In the participatory research work of the Gran Chaco Foundation, young women stated that they did not know the meaning of the symbols or that they responded to some stories told by the elders. The drawings of animals are taken from the bush.
According to them, they are not associated with any story or ‘tale of the elders’ and have no more meaning than the concrete fact of tracing it on the tapestry as another motif.
However, one older woman stated:
‘” According to what I was told, the old toba old women weaved because it was a gift from them.
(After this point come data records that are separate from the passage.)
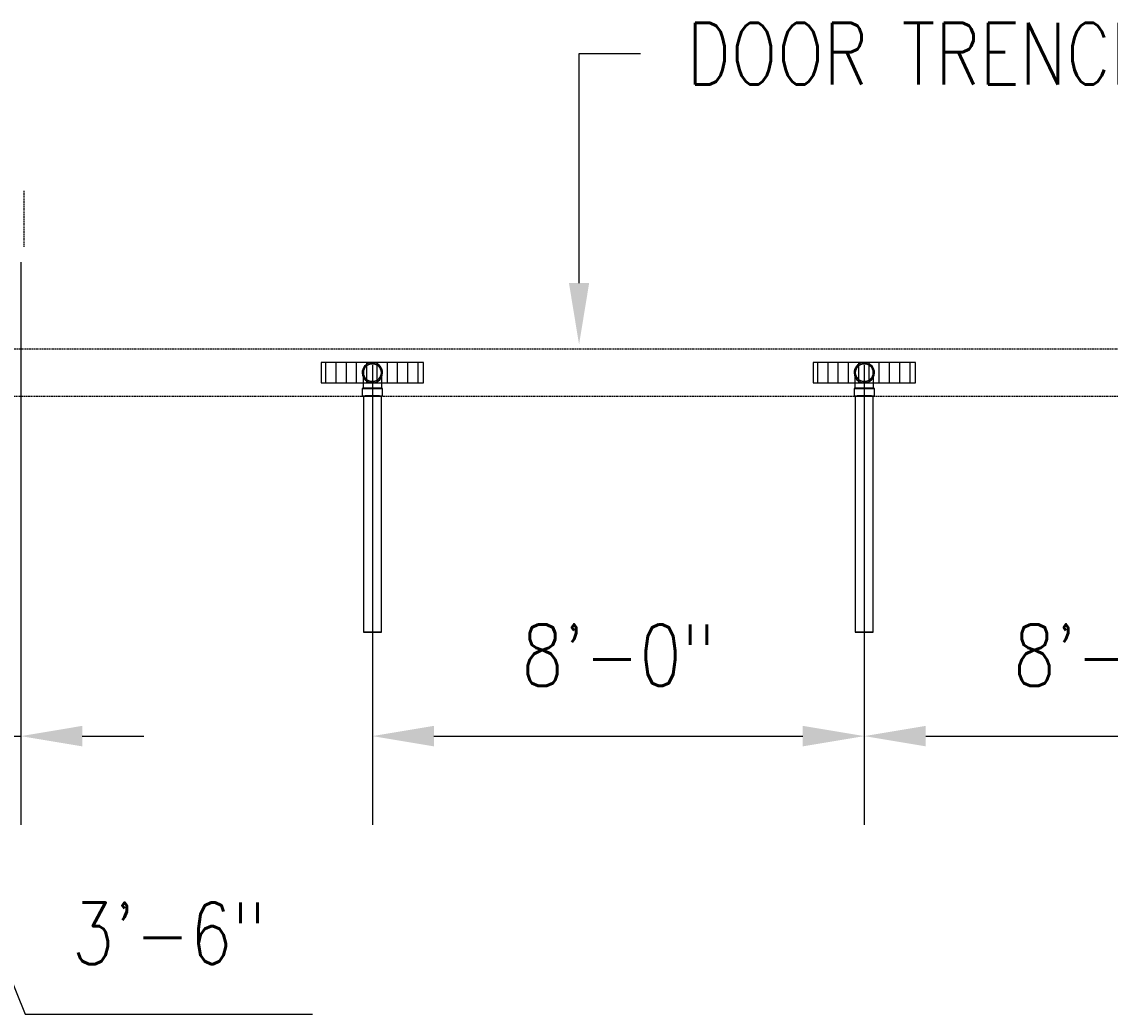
# Model space of a CAD drawing. Header units: inches. Extents: x -337 to 21291, y 405 to 2143.
# Tile 15 of 33: x 989 to 1201, y 640 to 833. Entities that reach past the tile are written whole.
import ezdxf
from ezdxf import colors
from ezdxf.entities.mleader import LeaderData, LeaderLine
from ezdxf.math import Vec2, Vec3

# ---------------------------------------------------------------- set-up
doc = ezdxf.new("R2010")
doc.units = ezdxf.units.IN
doc.header["$MEASUREMENT"] = 0
doc.linetypes.add('Dash - 1_16_', pattern=[0.1875, 0.125, -0.0625])
for name, color, linetype in [('A-ANNO-DIMS', 1, 'Continuous'), ('A-DETL-HDLN', 90, 'Dash - 1_16_'), ('P-PIPE', 3, 'Continuous'), ('S-ANNO-NOTE', 2, 'Continuous')]:
    doc.layers.add(name, color=color, linetype=linetype)
doc.layers.add('A-WALL-PATT', color=9, linetype='Continuous', true_color=0x808080)
doc.styles.add('Annotative', font='romans.shx', dxfattribs={"width": 0.8, "height": 0.125})
doc.dimstyles.new('Annotative', dxfattribs={"dimscale": 0, "dimtxt": 0.125, "dimasz": 0.125, "dimexe": 0.18, "dimexo": 0.0625, "dimgap": 0.09, "dimtad": 1, "dimdec": 3, "dimzin": 3, "dimdsep": 46, "dimlunit": 4, "dimtxsty": 'Annotative', "dimcen": 0.09, "dimclrt": 2, "dimazin": 2, "dimtfac": 1, "dimtdec": 3, "dimtmove": 0, "dimatfit": 0, "dimfxl": 1, "dimtfill": 1, "dimfrac": 2, "dimtolj": 1, "dimtzin": 0, "dimarcsym": 0})
pattern_1 = [(90, (0, 0.0386), (-2, 1e-16), [])]

# ---------------------------------------------------------------- blocks, each defined once
blk = doc.blocks.new('*D29')
at = {"layer": 'A-ANNO-DIMS', "color": 0, "lineweight": -2, "transparency": 16777216}
for p, q in [((1057.08, 766.15), (1057.08, 676.52)), ((1153.08, 766.15), (1153.08, 676.52)), ((1069.08, 693.8), (1141.08, 693.8))]:
    blk.add_line(p, q, dxfattribs=at)
at = {"layer": 'A-ANNO-DIMS', "color": 0, "transparency": 16777216}
for points in [[(1069.08, 695.8), (1069.08, 691.8), (1057.08, 693.8)], [(1141.08, 695.8), (1141.08, 691.8), (1153.08, 693.8)]]:
    blk.add_solid(points, dxfattribs=at)
at = {"layer": 'A-ANNO-DIMS', "color": 2, "lineweight": -3, "transparency": 16777216, "insert": (1105.08, 709.58), "char_height": 12, "width": 49.3115, "attachment_point": 5, "style": 'Annotative', "bg_fill": 3, "box_fill_scale": 1.25, "bg_fill_color": 256, "bg_fill_true_color": 13158600, "bg_fill_transparency": 0}
blk.add_mtext('\\A1;8\'-0"', dxfattribs=at)
blk = doc.blocks.new('*D30')
at = {"layer": 'A-ANNO-DIMS', "color": 0, "lineweight": -2, "transparency": 16777216}
for p, q in [((1153.08, 754.71), (1153.08, 676.52)), ((1249.08, 747.46), (1249.08, 676.52)), ((1165.08, 693.8), (1237.08, 693.8))]:
    blk.add_line(p, q, dxfattribs=at)
at = {"layer": 'A-ANNO-DIMS', "color": 0, "transparency": 16777216}
for points in [[(1165.08, 695.8), (1165.08, 691.8), (1153.08, 693.8)], [(1237.08, 695.8), (1237.08, 691.8), (1249.08, 693.8)]]:
    blk.add_solid(points, dxfattribs=at)
at = {"layer": 'A-ANNO-DIMS', "color": 2, "lineweight": -3, "transparency": 16777216, "insert": (1201.08, 709.58), "char_height": 12, "width": 49.3115, "attachment_point": 5, "style": 'Annotative', "bg_fill": 3, "box_fill_scale": 1.25, "bg_fill_color": 256, "bg_fill_true_color": 13158600, "bg_fill_transparency": 0}
blk.add_mtext('\\A1;8\'-0"', dxfattribs=at)
blk = doc.blocks.new('*D23')
at = {"layer": 'A-ANNO-DIMS', "color": 0, "lineweight": -2, "transparency": 16777216}
for p, q in [((988.46, 786.24), (988.46, 676.52)), ((946.46, 755.09), (946.46, 676.52)), ((934.46, 693.8), (922.46, 693.8)), ((946.46, 693.8), (988.46, 693.8)), ((946.46, 693.8), (988.46, 693.8)), ((967.46, 693.8), (989.29, 639.54)), ((1000.46, 693.8), (1012.46, 693.8)), ((989.29, 639.54), (1045.42, 639.54))]:
    blk.add_line(p, q, dxfattribs=at)
at = {"layer": 'A-ANNO-DIMS', "color": 0, "transparency": 16777216}
for points in [[(934.46, 695.8), (934.46, 691.8), (946.46, 693.8)], [(1000.46, 695.8), (1000.46, 691.8), (988.46, 693.8)]]:
    blk.add_solid(points, dxfattribs=at)
at = {"layer": 'A-ANNO-DIMS', "color": 2, "lineweight": -3, "transparency": 16777216, "insert": (1017.36, 655.32), "char_height": 12, "width": 0.4915, "attachment_point": 5, "style": 'Annotative'}
blk.add_mtext('\\A1;3\'-6"', dxfattribs=at)
blk = doc.blocks.new('Bend - PVC - Sch 40 - DWV_USACE - Standard-V19-00_SP_Foundation Drainage Plan-TO FDN_DOC')
at = {"layer": 'P-PIPE'}
for p, q in [((1055.1, 761.55), (1055.1, 760.05)), ((1059.06, 760.05), (1059.06, 761.55))]:
    blk.add_line(p, q, dxfattribs=at)
at = {"layer": 'P-PIPE', "flags": 128}
for points in [[(1055.33, 764.62), (1055.33, 764.69), (1055.33, 764.76), (1055.34, 764.83), (1055.35, 764.9), (1055.36, 764.96), (1055.38, 765.03), (1055.4, 765.1), (1055.42, 765.17), (1055.44, 765.23), (1055.47, 765.3), (1055.49, 765.36), (1055.52, 765.43), (1055.56, 765.49), (1055.59, 765.55), (1055.63, 765.61), (1055.67, 765.66), (1055.72, 765.72), (1055.76, 765.77), (1055.81, 765.82), (1055.86, 765.87), (1055.91, 765.92), (1055.96, 765.97), (1056.02, 766.01), (1056.07, 766.05), (1056.13, 766.09), (1056.19, 766.13), (1056.25, 766.16), (1056.31, 766.19), (1056.38, 766.22), (1056.44, 766.25), (1056.51, 766.27), (1056.58, 766.29), (1056.64, 766.31), (1056.71, 766.33), (1056.78, 766.34), (1056.85, 766.35), (1056.92, 766.36), (1056.99, 766.36), (1057.06, 766.37), (1057.08, 766.37)], [(1057.08, 766.37), (1057.15, 766.37), (1057.22, 766.36), (1057.29, 766.35), (1057.36, 766.34), (1057.42, 766.33), (1057.49, 766.32), (1057.56, 766.3), (1057.63, 766.28), (1057.69, 766.25), (1057.76, 766.23), (1057.82, 766.2), (1057.89, 766.17), (1057.95, 766.14), (1058.01, 766.1), (1058.07, 766.06), (1058.12, 766.02), (1058.18, 765.98), (1058.23, 765.93), (1058.28, 765.89), (1058.33, 765.84), (1058.38, 765.79), (1058.43, 765.73), (1058.47, 765.68), (1058.51, 765.62), (1058.55, 765.56), (1058.59, 765.5), (1058.62, 765.44), (1058.65, 765.38), (1058.68, 765.32), (1058.71, 765.25), (1058.73, 765.19), (1058.75, 765.12), (1058.77, 765.05), (1058.79, 764.98), (1058.8, 764.91), (1058.81, 764.85), (1058.82, 764.78), (1058.82, 764.71), (1058.83, 764.64), (1058.83, 764.62)], [(1057.08, 762.87), (1057.01, 762.87), (1056.94, 762.87), (1056.87, 762.88), (1056.8, 762.89), (1056.73, 762.9), (1056.66, 762.92), (1056.59, 762.94), (1056.53, 762.96), (1056.46, 762.98), (1056.4, 763.01), (1056.33, 763.03), (1056.27, 763.06), (1056.21, 763.1), (1056.15, 763.13), (1056.09, 763.17), (1056.03, 763.21), (1055.98, 763.26), (1055.92, 763.3), (1055.87, 763.35), (1055.82, 763.4), (1055.77, 763.45), (1055.73, 763.5), (1055.68, 763.56), (1055.64, 763.61), (1055.6, 763.67), (1055.57, 763.73), (1055.53, 763.79), (1055.5, 763.85), (1055.47, 763.92), (1055.45, 763.98), (1055.42, 764.05), (1055.4, 764.12), (1055.38, 764.18), (1055.37, 764.25), (1055.35, 764.32), (1055.34, 764.39), (1055.33, 764.46), (1055.33, 764.53), (1055.33, 764.6), (1055.33, 764.62)], [(1055.33, 762.71), (1055.33, 762.76), (1055.33, 762.87), (1055.33, 762.98), (1055.33, 763.09), (1055.33, 763.19), (1055.33, 763.3), (1055.33, 763.4), (1055.33, 763.49), (1055.33, 763.59), (1055.33, 763.68), (1055.33, 763.76), (1055.33, 763.85), (1055.33, 763.93), (1055.33, 764), (1055.33, 764.08), (1055.33, 764.14), (1055.33, 764.21), (1055.33, 764.27), (1055.33, 764.32), (1055.33, 764.37), (1055.33, 764.42), (1055.33, 764.46), (1055.33, 764.5), (1055.33, 764.53), (1055.33, 764.56), (1055.33, 764.58), (1055.33, 764.59), (1055.33, 764.61), (1055.33, 764.61), (1055.33, 764.62)], [(1055.33, 761.55), (1055.33, 761.68), (1055.33, 761.8), (1055.33, 761.92), (1055.33, 762.05), (1055.33, 762.17), (1055.33, 762.29), (1055.33, 762.41), (1055.33, 762.53), (1055.33, 762.64), (1055.33, 762.71)], [(1058.83, 764.62), (1058.83, 764.55), (1058.82, 764.48), (1058.81, 764.41), (1058.8, 764.34), (1058.79, 764.27), (1058.78, 764.2), (1058.76, 764.13), (1058.74, 764.07), (1058.71, 764), (1058.69, 763.94), (1058.66, 763.87), (1058.63, 763.81), (1058.6, 763.75), (1058.56, 763.69), (1058.52, 763.63), (1058.48, 763.57), (1058.44, 763.52), (1058.39, 763.46), (1058.35, 763.41), (1058.3, 763.36), (1058.25, 763.31), (1058.19, 763.27), (1058.14, 763.22), (1058.08, 763.18), (1058.02, 763.14), (1057.96, 763.11), (1057.9, 763.07), (1057.84, 763.04), (1057.78, 763.01), (1057.71, 762.99), (1057.65, 762.96), (1057.58, 762.94), (1057.51, 762.92), (1057.44, 762.91), (1057.37, 762.89), (1057.31, 762.88), (1057.24, 762.87), (1057.17, 762.87), (1057.1, 762.87), (1057.08, 762.87)], [(1058.83, 764.62), (1058.83, 764.61), (1058.83, 764.61), (1058.83, 764.59), (1058.83, 764.58), (1058.83, 764.56), (1058.83, 764.53), (1058.83, 764.5), (1058.83, 764.46), (1058.83, 764.42), (1058.83, 764.37), (1058.83, 764.32), (1058.83, 764.27), (1058.83, 764.21), (1058.83, 764.14), (1058.83, 764.08), (1058.83, 764), (1058.83, 763.93), (1058.83, 763.85), (1058.83, 763.77), (1058.83, 763.68), (1058.83, 763.59), (1058.83, 763.49), (1058.83, 763.4), (1058.83, 763.3), (1058.83, 763.19), (1058.83, 763.09), (1058.83, 762.98), (1058.83, 762.87), (1058.83, 762.76), (1058.83, 762.71)], [(1058.83, 762.71), (1058.83, 762.64), (1058.83, 762.53), (1058.83, 762.41), (1058.83, 762.29), (1058.83, 762.17), (1058.83, 762.05), (1058.83, 761.93), (1058.83, 761.8), (1058.83, 761.68), (1058.83, 761.56), (1058.83, 761.55)]]:
    blk.add_lwpolyline(points, dxfattribs=at)
at = {"layer": 'P-PIPE'}
for radius, start, end in [(1.98, 90, 254.9602), (1.98, 90, 254.9602), (1.75, 90, 270), (1.98, 285.0398, 90), (1.98, 285.0398, 90), (1.75, 270, 90), (1.98, 255, 270), (1.98, 255, 270), (1.98, 270, 285), (1.98, 270, 285)]:
    blk.add_arc((1057.08, 764.62), radius, start, end, dxfattribs=at)
for centre, major_axis, start_param, end_param in [((1057.08, 761.55), (1.98, 0), 1.570796, 4.712389), ((1057.08, 761.55), (1.75, 0), 1.570796, 4.712389), ((1057.08, 761.55), (1.98, 0), 4.712389, 7.853982), ((1057.08, 761.55), (1.75, 0), 4.712389, 7.853982), ((1057.08, 760.05), (1.98, 0), 1.570796, 4.712389), ((1057.08, 760.05), (1.98, 0), 4.712389, 7.853982)]:
    blk.add_ellipse(centre, major_axis=major_axis, ratio=0.010416, start_param=start_param, end_param=end_param, dxfattribs=at)
blk = doc.blocks.new('Mechanical_Box_H_rvt-1-00_SP_Foundation Drainage Plan-TO FDN_DOC')
at = {"layer": 'P-PIPE'}
for p, q in [((1055.33, 760.05), (1055.33, 713.98)), ((1058.83, 713.98), (1058.83, 760.05)), ((1151.33, 760.05), (1151.33, 713.98)), ((1154.83, 713.98), (1154.83, 760.05))]:
    blk.add_line(p, q, dxfattribs=at)
for centre, start, end in [((1057.08, 764.62), 0, 180), ((1153.08, 764.62), 0, 180), ((1057.08, 764.62), 180, 0), ((1153.08, 764.62), 180, 0)]:
    blk.add_arc(centre, 1.75, start, end, dxfattribs=at)
for centre, start_param, end_param in [((1057.08, 760.05), 1.570796, 3.141593), ((1057.08, 760.05), 3.141593, 4.712389), ((1057.08, 760.05), 0, 1.570796), ((1057.08, 760.05), 4.712389, 6.283185), ((1153.08, 760.05), 1.570796, 3.141593), ((1153.08, 760.05), 3.141593, 4.712389), ((1153.08, 760.05), 0, 1.570796), ((1153.08, 760.05), 4.712389, 6.283185), ((1057.08, 713.98), 1.570796, 3.141593), ((1057.08, 713.98), 3.141593, 4.712389), ((1057.08, 713.98), 0, 1.570796), ((1057.08, 713.98), 4.712389, 6.283185), ((1153.08, 713.98), 1.570796, 3.141593), ((1153.08, 713.98), 3.141593, 4.712389), ((1153.08, 713.98), 0, 1.570796), ((1153.08, 713.98), 4.712389, 6.283185)]:
    blk.add_ellipse(centre, major_axis=(1.75, 0), ratio=0.010416, start_param=start_param, end_param=end_param, dxfattribs=at)
at = {"layer": 'P-PIPE', "color": 3, "lineweight": 9}
for p in [(0, 0), (96, 0)]:
    blk.add_blockref('Bend - PVC - Sch 40 - DWV_USACE - Standard-V19-00_SP_Foundation Drainage Plan-TO FDN_DOC', p, dxfattribs=at)

msp = doc.modelspace()

# ---------------------------------------------------------------- hatches: boundary and pattern name
at = {"layer": 'A-WALL-PATT', "lineweight": -3}
h = msp.add_hatch(dxfattribs=at)
h.set_pattern_fill('_USER', color=8, scale=2, angle=90, style=0, pattern_type=0)
h.set_pattern_definition(pattern_1)
h.paths.add_polyline_path([(1067.0774, 762.7445), (1067.0774, 766.7445), (1047.0774, 766.7445), (1047.0774, 762.7445)])
h = msp.add_hatch(dxfattribs=at)
h.set_pattern_fill('_USER', color=8, scale=2, angle=90, style=0, pattern_type=0)
h.set_pattern_definition(pattern_1)
h.paths.add_polyline_path([(1163.0774, 762.7445), (1163.0774, 766.7445), (1143.0774, 766.7445), (1143.0774, 762.7445)])

# ---------------------------------------------------------------- linework, layer by layer
at = {"layer": 'A-DETL-HDLN', "lineweight": -3}
for p, q in [((989.0774, 800.2059), (989.0774, 789.2059)), ((635.939, 769.3622), (1386.2336, 769.3622)), ((1386.2336, 760.0497), (635.939, 760.0497))]:
    msp.add_line(p, q, dxfattribs=at)

# ---------------------------------------------------------------- dimensions: what is measured, and where the dimension line sits
at = {"layer": 'A-ANNO-DIMS', "lineweight": -3}
dim = msp.add_linear_dim(base=(988.4553, 693.7982), p1=(946.4553, 761.0859), p2=(988.4553, 792.2373), dimstyle='Annotative', override={"dimpost": '\\X', "dimtfill": 0}, dxfattribs=at)
dim.commit()
dim.dimension.update_dxf_attribs({"geometry": '*D23', "text_midpoint": (997.9271, 639.541), "dimtype": 160})

# ---------------------------------------------------------------- next in the draw order: dimensions: what is measured, and where the dimension line sits
dim = msp.add_linear_dim(base=(1153.0774, 693.7982), p1=(1057.0774, 772.1481), p2=(1153.0774, 772.1481), dimstyle='Annotative', override={"dimpost": '\\X'}, dxfattribs=at)
dim.commit()
dim.dimension.update_dxf_attribs({"geometry": '*D29', "text_midpoint": (1105.0774, 709.581)})

# ---------------------------------------------------------------- next in the draw order: linework, layer by layer
at = {"layer": 'P-PIPE', "lineweight": -3}
for points in [[(1047.0774, 762.7059), (1067.0774, 762.7059), (1067.0774, 766.7059), (1047.0774, 766.7059)], [(1143.0774, 762.7059), (1163.0774, 762.7059), (1163.0774, 766.7059), (1143.0774, 766.7059)]]:
    msp.add_lwpolyline(points, close=True, dxfattribs=at)

# ---------------------------------------------------------------- next in the draw order: dimensions: what is measured, and where the dimension line sits
at = {"layer": 'A-ANNO-DIMS', "lineweight": -3}
dim = msp.add_linear_dim(base=(1249.0774, 693.7982), p1=(1153.0774, 760.7059), p2=(1249.0774, 753.4559), dimstyle='Annotative', override={"dimpost": '\\X'}, dxfattribs=at)
dim.commit()
dim.dimension.update_dxf_attribs({"geometry": '*D30', "text_midpoint": (1201.0774, 709.581)})

# ---------------------------------------------------------------- next in the draw order: leaders
at = {"layer": 'S-ANNO-NOTE', "lineweight": -3}
ml = msp.add_multileader_mtext('Standard', dxfattribs=at)
ml.set_content('DOOR TRENCH', color=256, style='Annotative')
ml.set_leader_properties(color=1, linetype='ByLayer', lineweight=-1)
ml.build(insert=Vec2(0, 0))
ml.multileader.update_dxf_attribs({"text_right_attachment_type": 3, "dogleg_length": 0.125, "arrow_head_size": 12, "scale": 96})
ctx = ml.context
ctx.base_point, ctx.scale, ctx.char_height, ctx.arrow_head_size, ctx.landing_gap_size, ctx.plane_origin = Vec3(1109.4154, 826.9609), 96, 12, 12, 9, Vec3(1011.4024, 861.1855)
ctx.right_attachment = 3
notes = []
notes.append((ctx, [(0, (1, 1, 0), (1097.4154, 826.9609), (1, 0), 12, [(0, [(1097.4154, 770.2059)], 0, [])])]))
ctx.mtext.insert, ctx.mtext.flow_direction = Vec3(1118.4154, 832.9609), 5
for ctx, leaders in notes:
    for number, flags, end, landing, length, lines in leaders:
        leader = LeaderData()
        leader.index, (leader.has_last_leader_line, leader.has_dogleg_vector, leader.attachment_direction) = number, flags
        leader.last_leader_point, leader.dogleg_vector, leader.dogleg_length = Vec3(end), Vec3(landing), length
        for number, points, colour, breaks in lines:
            line = LeaderLine()
            line.index, line.vertices, line.color, line.breaks = number, Vec3.list(points), colors.encode_raw_color(colour), breaks
            leader.lines.append(line)
        ctx.leaders.append(leader)

# ---------------------------------------------------------------- next in the draw order: block references
at = {"layer": 'P-PIPE', "lineweight": -3}
msp.add_blockref('Mechanical_Box_H_rvt-1-00_SP_Foundation Drainage Plan-TO FDN_DOC', (0.0002, 0.0965), dxfattribs=at)

# ---------------------------------------------------------------- next in the draw order: leaders
at = {"layer": 'S-ANNO-NOTE', "lineweight": -3}
ml = msp.add_multileader_mtext('Standard', dxfattribs=at)
ml.set_content('3" %%C DRAIN (TYP.)', color=256, style='Annotative')
ml.set_leader_properties(color=1, linetype='ByLayer', lineweight=-1)
ml.build(insert=Vec2(0, 0))
ml.multileader.update_dxf_attribs({"text_right_attachment_type": 3, "dogleg_length": 0.125, "arrow_head_size": 12, "scale": 96})
ctx = ml.context
ctx.base_point, ctx.scale, ctx.char_height, ctx.arrow_head_size, ctx.landing_gap_size, ctx.plane_origin = Vec3(290.221, 647.8523), 96, 12, 12, 9, Vec3(582.8154, 754.408)
ctx.right_attachment = 3
notes = []
notes.append((ctx, [(1, (1, 1, 0), (278.221, 647.8523), (1, 0), 12, [(0, [(262.8272, 754.1289)], 0, [])])]))
ctx.mtext.insert, ctx.mtext.width, ctx.mtext.flow_direction = Vec3(299.221, 655.8523), 83.11519, 5
for ctx, leaders in notes:
    for number, flags, end, landing, length, lines in leaders:
        leader = LeaderData()
        leader.index, (leader.has_last_leader_line, leader.has_dogleg_vector, leader.attachment_direction) = number, flags
        leader.last_leader_point, leader.dogleg_vector, leader.dogleg_length = Vec3(end), Vec3(landing), length
        for number, points, colour, breaks in lines:
            line = LeaderLine()
            line.index, line.vertices, line.color, line.breaks = number, Vec3.list(points), colors.encode_raw_color(colour), breaks
            leader.lines.append(line)
        ctx.leaders.append(leader)

doc.saveas('drawing.dxf')

The new ones, the old women observe, know new things: the quality of the wool, the colors of the mountain… The drawings have names in the language, as do the figures.”
Looking for some record that would allow us to understand the generational absence or forgetfulness about the meanings of weaving in indigenous groups, groups where weaving has been a primary element in the gender socialization of women and men, there is the work of Seligman and Zorn (1981), anthropologists who investigated the history of weaving in Peru, where something similar to that of the Toba is cited. Speaking of the stylistic changes in indigenous communities during the colonial period, they mention that the disappearance of the Inca state and colonial domination did not imply the disappearance of domestic or traditional weaving. The weavings made with the traditional Andean loom acquired importance for preservation and cultural safeguard; they contained critical information inaccessible to the Spaniards. However, these meanings and motifs were relegated to a subconscious level and silenced due to the experiences of violence the communities had suffered. Subsequently, ‘the generations that came after could no longer easily understand the symbolic meaning of the puma….’
The more abstract motifs, such as those that appear on the roads, possibly date back to a distant past if we consider that the ‘old women’ only knew how to make roads, not tapestries. Specific geometric motifs are also reiterated: such as the successive short stripes or the rhombuses arranged in a row one above the other in the middle of the paths -similar to the skin of a viper-limited by two stripes with small squares or another motif. Somewhere, the successive short horizontal stripes drawn along a path (in its central part or as a lateral stripe) could resemble carob pods.